Records excerpted from a collection:
>>>

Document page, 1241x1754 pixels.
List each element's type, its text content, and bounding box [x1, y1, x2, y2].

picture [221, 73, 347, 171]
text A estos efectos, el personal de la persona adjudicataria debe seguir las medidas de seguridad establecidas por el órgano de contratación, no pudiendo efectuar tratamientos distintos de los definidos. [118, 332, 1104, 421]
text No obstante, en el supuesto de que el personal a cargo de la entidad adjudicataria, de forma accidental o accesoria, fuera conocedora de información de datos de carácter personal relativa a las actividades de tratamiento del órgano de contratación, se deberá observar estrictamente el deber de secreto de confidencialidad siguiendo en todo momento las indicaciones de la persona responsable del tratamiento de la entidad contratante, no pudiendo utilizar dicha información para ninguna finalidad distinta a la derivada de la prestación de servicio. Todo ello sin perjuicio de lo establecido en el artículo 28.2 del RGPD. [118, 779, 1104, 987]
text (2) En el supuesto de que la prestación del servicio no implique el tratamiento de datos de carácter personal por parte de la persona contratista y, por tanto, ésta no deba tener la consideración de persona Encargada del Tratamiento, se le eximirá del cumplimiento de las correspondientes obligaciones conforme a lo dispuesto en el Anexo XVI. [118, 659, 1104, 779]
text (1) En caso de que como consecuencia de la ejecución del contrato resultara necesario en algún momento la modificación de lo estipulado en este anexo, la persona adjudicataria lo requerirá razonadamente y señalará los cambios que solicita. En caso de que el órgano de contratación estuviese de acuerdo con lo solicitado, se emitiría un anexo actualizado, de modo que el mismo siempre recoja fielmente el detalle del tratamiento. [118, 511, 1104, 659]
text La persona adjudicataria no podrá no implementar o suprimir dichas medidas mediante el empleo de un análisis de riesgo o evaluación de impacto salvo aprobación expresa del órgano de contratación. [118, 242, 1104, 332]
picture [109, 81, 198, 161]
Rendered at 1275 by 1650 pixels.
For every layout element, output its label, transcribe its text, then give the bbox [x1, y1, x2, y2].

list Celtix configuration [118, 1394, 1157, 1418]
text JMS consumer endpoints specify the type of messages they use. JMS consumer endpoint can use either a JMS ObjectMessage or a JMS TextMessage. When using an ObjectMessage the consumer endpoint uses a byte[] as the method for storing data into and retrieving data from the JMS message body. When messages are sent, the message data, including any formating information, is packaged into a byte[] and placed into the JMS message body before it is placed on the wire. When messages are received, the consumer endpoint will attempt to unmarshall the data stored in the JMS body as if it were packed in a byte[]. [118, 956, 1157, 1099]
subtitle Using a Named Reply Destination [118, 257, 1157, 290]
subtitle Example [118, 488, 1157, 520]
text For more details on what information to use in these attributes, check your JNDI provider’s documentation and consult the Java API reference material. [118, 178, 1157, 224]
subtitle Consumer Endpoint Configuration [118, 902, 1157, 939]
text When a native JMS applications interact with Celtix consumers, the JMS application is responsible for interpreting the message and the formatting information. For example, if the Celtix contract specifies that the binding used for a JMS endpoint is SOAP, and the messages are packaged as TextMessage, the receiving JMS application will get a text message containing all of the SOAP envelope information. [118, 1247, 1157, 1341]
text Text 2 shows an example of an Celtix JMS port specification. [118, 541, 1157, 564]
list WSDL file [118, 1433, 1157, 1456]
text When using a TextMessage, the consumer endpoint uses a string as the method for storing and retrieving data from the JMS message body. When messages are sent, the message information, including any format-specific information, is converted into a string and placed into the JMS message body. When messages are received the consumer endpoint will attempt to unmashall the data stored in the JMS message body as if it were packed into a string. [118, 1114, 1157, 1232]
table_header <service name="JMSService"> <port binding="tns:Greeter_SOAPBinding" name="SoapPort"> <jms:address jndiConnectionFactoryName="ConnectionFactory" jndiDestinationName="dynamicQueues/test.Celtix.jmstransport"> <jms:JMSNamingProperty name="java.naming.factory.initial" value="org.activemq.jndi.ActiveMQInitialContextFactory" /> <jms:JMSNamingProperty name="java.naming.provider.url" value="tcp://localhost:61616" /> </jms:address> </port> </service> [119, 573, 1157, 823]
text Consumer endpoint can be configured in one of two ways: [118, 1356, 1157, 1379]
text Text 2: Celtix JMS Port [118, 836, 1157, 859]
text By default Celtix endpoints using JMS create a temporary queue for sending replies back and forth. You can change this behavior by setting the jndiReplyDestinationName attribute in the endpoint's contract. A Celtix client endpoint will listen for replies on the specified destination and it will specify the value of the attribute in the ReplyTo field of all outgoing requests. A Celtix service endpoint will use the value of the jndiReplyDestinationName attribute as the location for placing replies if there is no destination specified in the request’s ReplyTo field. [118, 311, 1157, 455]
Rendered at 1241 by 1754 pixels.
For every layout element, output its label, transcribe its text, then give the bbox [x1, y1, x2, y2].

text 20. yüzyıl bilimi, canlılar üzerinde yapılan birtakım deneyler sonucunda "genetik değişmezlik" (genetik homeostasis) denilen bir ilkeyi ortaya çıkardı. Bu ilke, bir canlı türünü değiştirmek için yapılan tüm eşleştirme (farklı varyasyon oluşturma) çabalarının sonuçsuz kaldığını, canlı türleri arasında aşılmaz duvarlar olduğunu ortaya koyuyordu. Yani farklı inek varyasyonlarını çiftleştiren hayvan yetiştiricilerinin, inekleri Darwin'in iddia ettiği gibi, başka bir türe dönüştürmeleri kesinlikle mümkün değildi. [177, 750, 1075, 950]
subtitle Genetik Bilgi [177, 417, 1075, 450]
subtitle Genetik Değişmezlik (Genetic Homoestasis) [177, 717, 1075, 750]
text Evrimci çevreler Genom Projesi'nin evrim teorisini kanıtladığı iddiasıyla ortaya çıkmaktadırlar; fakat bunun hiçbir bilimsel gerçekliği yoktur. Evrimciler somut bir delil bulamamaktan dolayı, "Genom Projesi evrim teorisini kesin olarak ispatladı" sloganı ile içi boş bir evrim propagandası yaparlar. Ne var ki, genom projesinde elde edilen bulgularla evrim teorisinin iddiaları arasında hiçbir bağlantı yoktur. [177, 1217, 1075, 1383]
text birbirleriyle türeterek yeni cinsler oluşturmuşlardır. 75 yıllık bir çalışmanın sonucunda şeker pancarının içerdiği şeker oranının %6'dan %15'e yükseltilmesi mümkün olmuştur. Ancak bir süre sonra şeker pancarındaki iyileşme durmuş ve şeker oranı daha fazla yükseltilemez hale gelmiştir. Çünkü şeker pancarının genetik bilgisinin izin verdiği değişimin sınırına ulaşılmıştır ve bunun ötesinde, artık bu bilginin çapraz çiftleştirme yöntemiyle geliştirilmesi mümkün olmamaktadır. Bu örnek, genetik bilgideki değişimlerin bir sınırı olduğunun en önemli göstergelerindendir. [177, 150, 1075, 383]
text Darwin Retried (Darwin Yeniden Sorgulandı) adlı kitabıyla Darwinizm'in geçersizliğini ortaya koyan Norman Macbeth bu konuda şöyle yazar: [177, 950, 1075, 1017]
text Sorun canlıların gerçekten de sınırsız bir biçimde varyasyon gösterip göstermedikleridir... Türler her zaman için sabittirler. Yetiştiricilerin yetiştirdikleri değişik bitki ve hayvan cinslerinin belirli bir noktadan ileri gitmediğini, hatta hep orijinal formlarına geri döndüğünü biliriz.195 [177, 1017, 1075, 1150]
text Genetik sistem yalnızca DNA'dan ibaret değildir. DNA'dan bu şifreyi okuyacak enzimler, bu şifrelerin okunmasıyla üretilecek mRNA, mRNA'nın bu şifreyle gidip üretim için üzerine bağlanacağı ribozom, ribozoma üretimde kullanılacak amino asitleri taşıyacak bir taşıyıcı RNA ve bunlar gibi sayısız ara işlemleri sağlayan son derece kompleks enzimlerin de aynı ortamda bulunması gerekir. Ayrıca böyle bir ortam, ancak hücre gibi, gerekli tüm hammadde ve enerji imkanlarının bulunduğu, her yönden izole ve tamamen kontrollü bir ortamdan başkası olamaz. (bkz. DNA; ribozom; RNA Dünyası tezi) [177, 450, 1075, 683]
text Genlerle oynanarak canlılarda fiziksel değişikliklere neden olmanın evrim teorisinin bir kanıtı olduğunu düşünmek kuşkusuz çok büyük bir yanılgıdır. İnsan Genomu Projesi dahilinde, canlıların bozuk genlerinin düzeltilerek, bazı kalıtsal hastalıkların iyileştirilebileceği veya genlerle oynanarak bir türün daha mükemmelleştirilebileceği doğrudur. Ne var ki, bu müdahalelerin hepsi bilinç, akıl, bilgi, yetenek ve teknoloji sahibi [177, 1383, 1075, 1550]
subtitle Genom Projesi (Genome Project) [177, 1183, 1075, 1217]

<<<

**Task description:** Please retype the data exactly as it stands, from its first line down to the line that contains "picture [221, 73, 347, 171]", then stop.

**Result of this exercise:**
Document page, 1241x1754 pixels.
List each element's type, its text content, and bounding box [x1, y1, x2, y2].

picture [221, 73, 347, 171]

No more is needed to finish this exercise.